Cell lysate (Beyotime; China) with protease inhibitor (Biosharp; China) was added to the collected cells, which were fully lysed at 4 ℃ for 30 min. These were centrifuged for 10 min at 8000g at 4 ℃. The bicinchoninic acid (BCA; TIANGEN; China) method was used to determine the protein concentration. After all samples were adjusted to the same concentration, 1/4 v/v dodecyl sulfate, sodium salt-polyacrylamide gel electrophoresis (SDS-PAGE) sample loading buffer (Beyotime) was added to denature the samples for 10 min at 95 ℃. The proteins were separated by SDS-PAGE gel electrophoresis (Bio-Rad; USA) and transferred to polyvinylidene fluoride membrane (PVDF; Millipore; USA) by wet method.

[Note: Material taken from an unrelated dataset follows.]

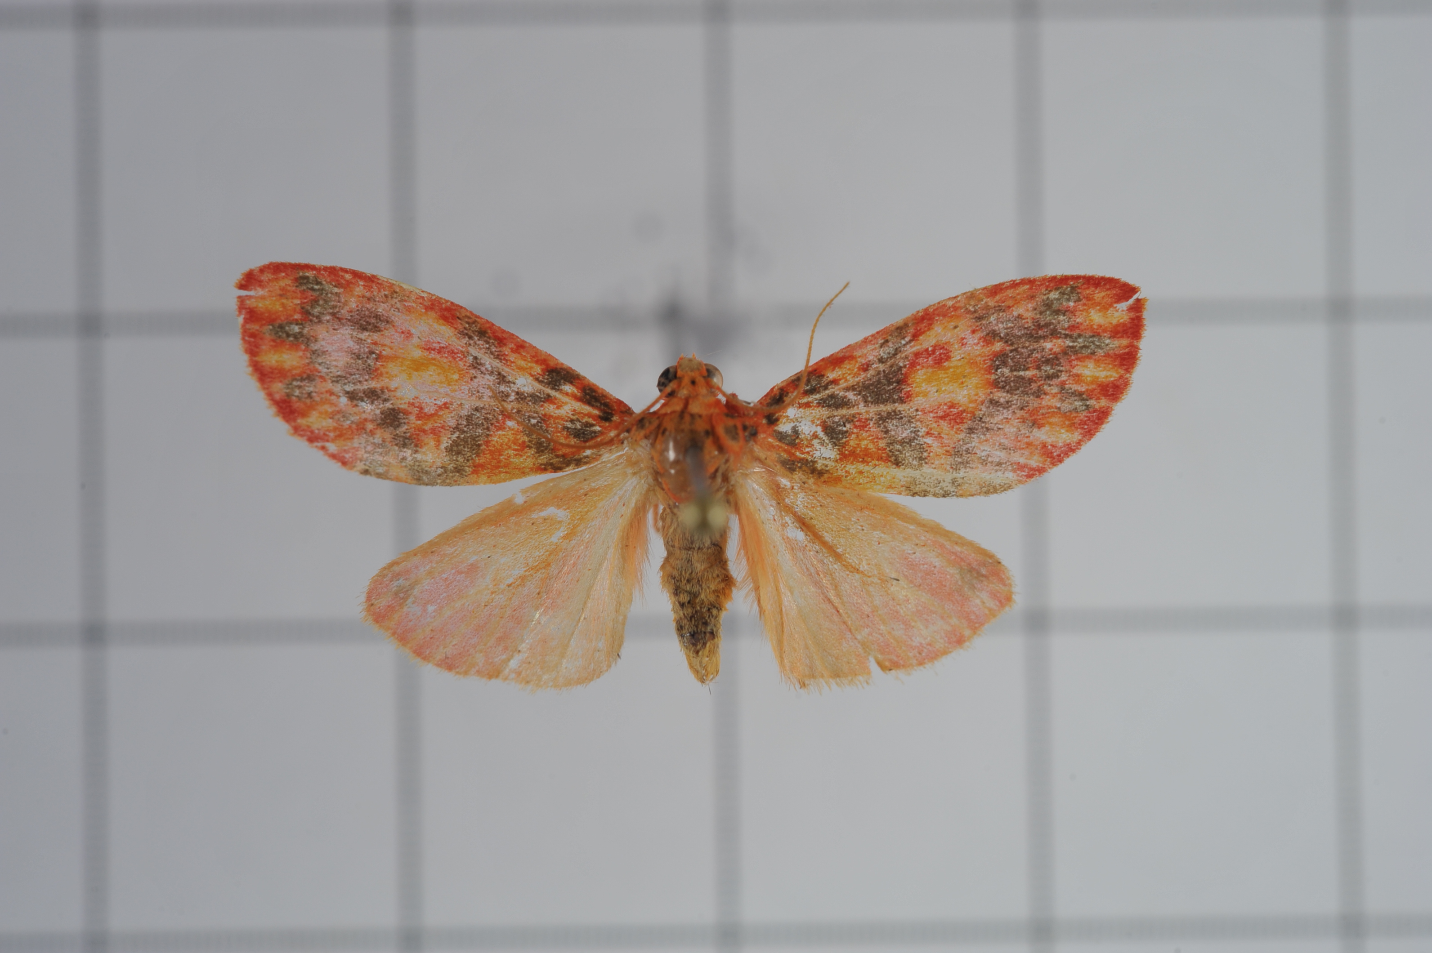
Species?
Floridasura tricolor

To display proteins of different sizes on a single membrane, the membranes were cut prior to antibody hybridization. The membranes were incubated overnight at 4℃ with primary antibodies, including Anti-actin (CST; 3700T), Anti-Ki67 (Affinity Biosciences; AF0198), Anti-cyclinD1 (abcam; ab16663), Anti-NHE1 (abcam; ab67314), Anti-LDHA (abcam; ab101562), and Anti-HIF-1α (abcam; ab1). After washing with TBST three times for 10 min each time, horseradish peroxidase (HRP) conjugated secondary antibody (abcam) was added and incubated for 1 h at room temperature. Then, the film was covered with enhanced fluorescent color solution (Tanon; China) for development.

Statistical analyses

All data were processed and analyzed using the SPSS software (IBM Corp; Armonk; NY) and GraphPad Prism 7 (GraphPad Software; USA). The means and standard deviations were obtained. Using ImageJ software, western blot grayscale and the cell area from scratch in the cell migration measurement were determined. A student’s t test was used to compare the differences between the two groups.